__WHAT TO PRODUCE__
Leave out the pictures and copy the remaining records exactly.

========

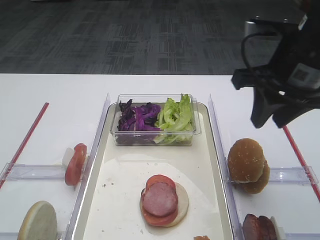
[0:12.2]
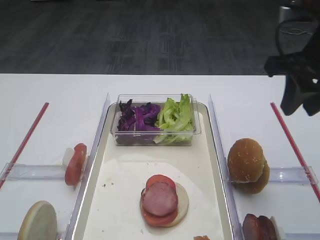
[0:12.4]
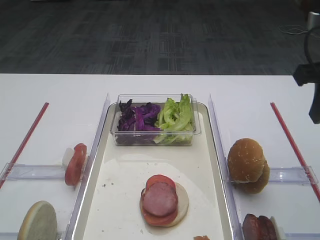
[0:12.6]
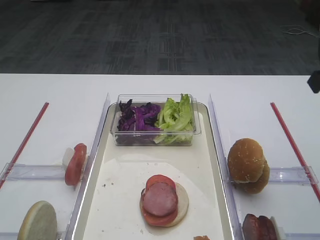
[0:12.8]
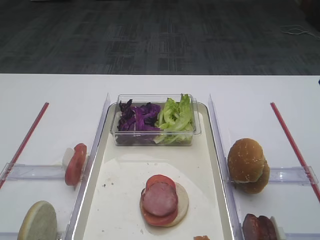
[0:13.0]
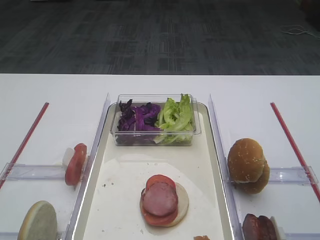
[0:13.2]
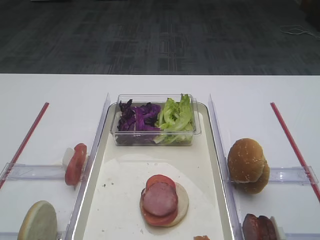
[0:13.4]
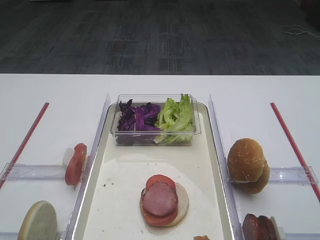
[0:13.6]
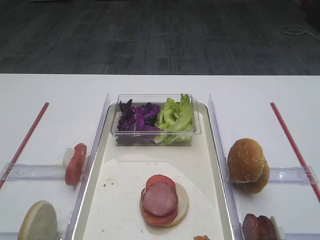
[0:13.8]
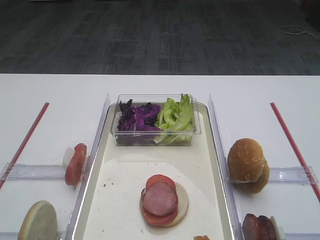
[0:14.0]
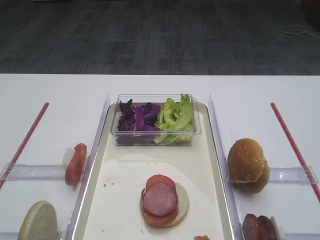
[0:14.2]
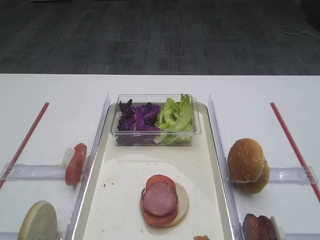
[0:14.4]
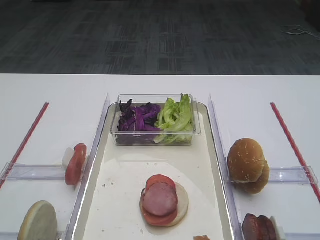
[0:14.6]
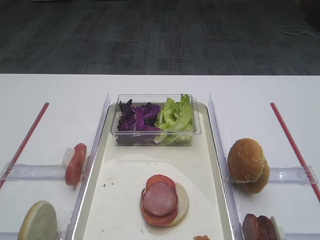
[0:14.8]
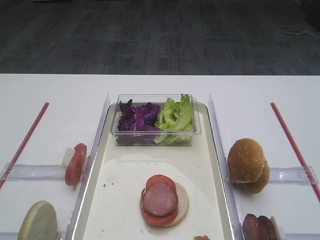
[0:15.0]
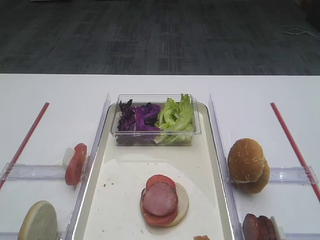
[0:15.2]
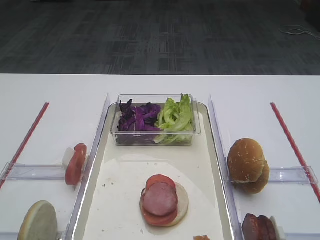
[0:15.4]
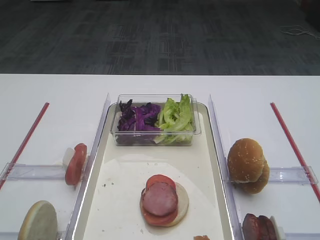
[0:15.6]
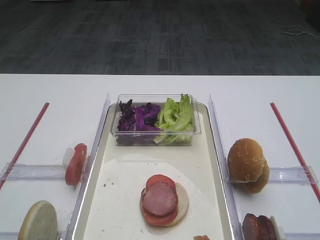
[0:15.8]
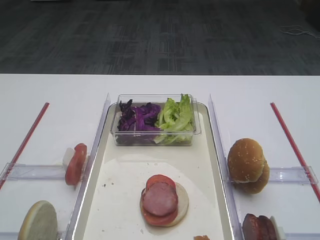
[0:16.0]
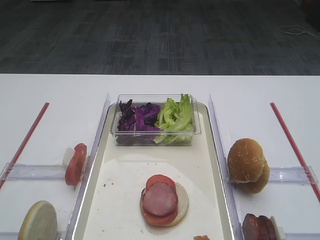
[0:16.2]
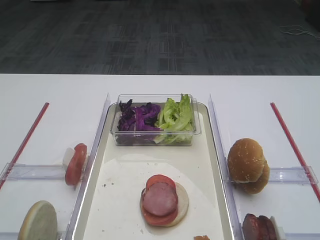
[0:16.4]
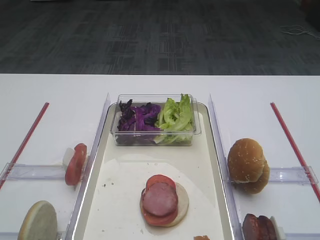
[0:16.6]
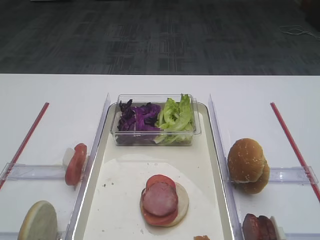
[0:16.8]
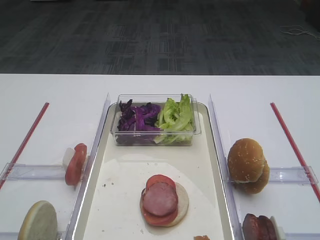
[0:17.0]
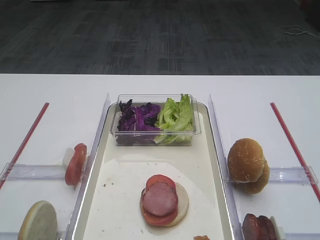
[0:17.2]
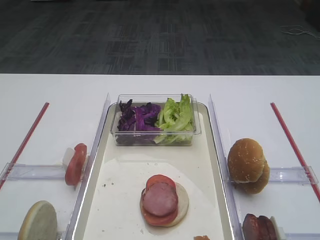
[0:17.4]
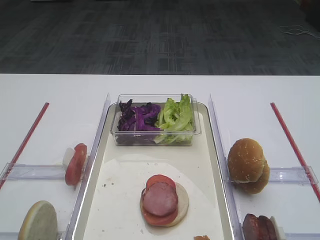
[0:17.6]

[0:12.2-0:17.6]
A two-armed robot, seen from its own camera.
0:12.2 to 0:13.6: The right gripper moves backward and to the right, about 20 cm.
0:16.2 to 0:17.6: Both grippers stay about where they are.

========

__TASK RESPONSE__
[0:12.2]
[0:12.4]
[0:12.6]
[0:12.8]
[0:13.0]
[0:13.2]
[0:13.4]
[0:13.6]
[0:13.8]
[0:14.0]
[0:14.2]
[0:14.4]
[0:14.6]
[0:14.8]
[0:15.0]
[0:15.2]
[0:15.4]
[0:15.6]
[0:15.8]
[0:16.0]
[0:16.2]
[0:16.4]
[0:16.6]
[0:16.8]
[0:17.0]
[0:17.2]
[0:17.4]
[0:17.6]

[0:12.2-0:17.6]
A two-armed robot, seen from its own camera.
0:12.2 to 0:13.6: The right gripper moves backward and to the right, about 20 cm.
0:16.2 to 0:17.6: Both grippers stay about where they are.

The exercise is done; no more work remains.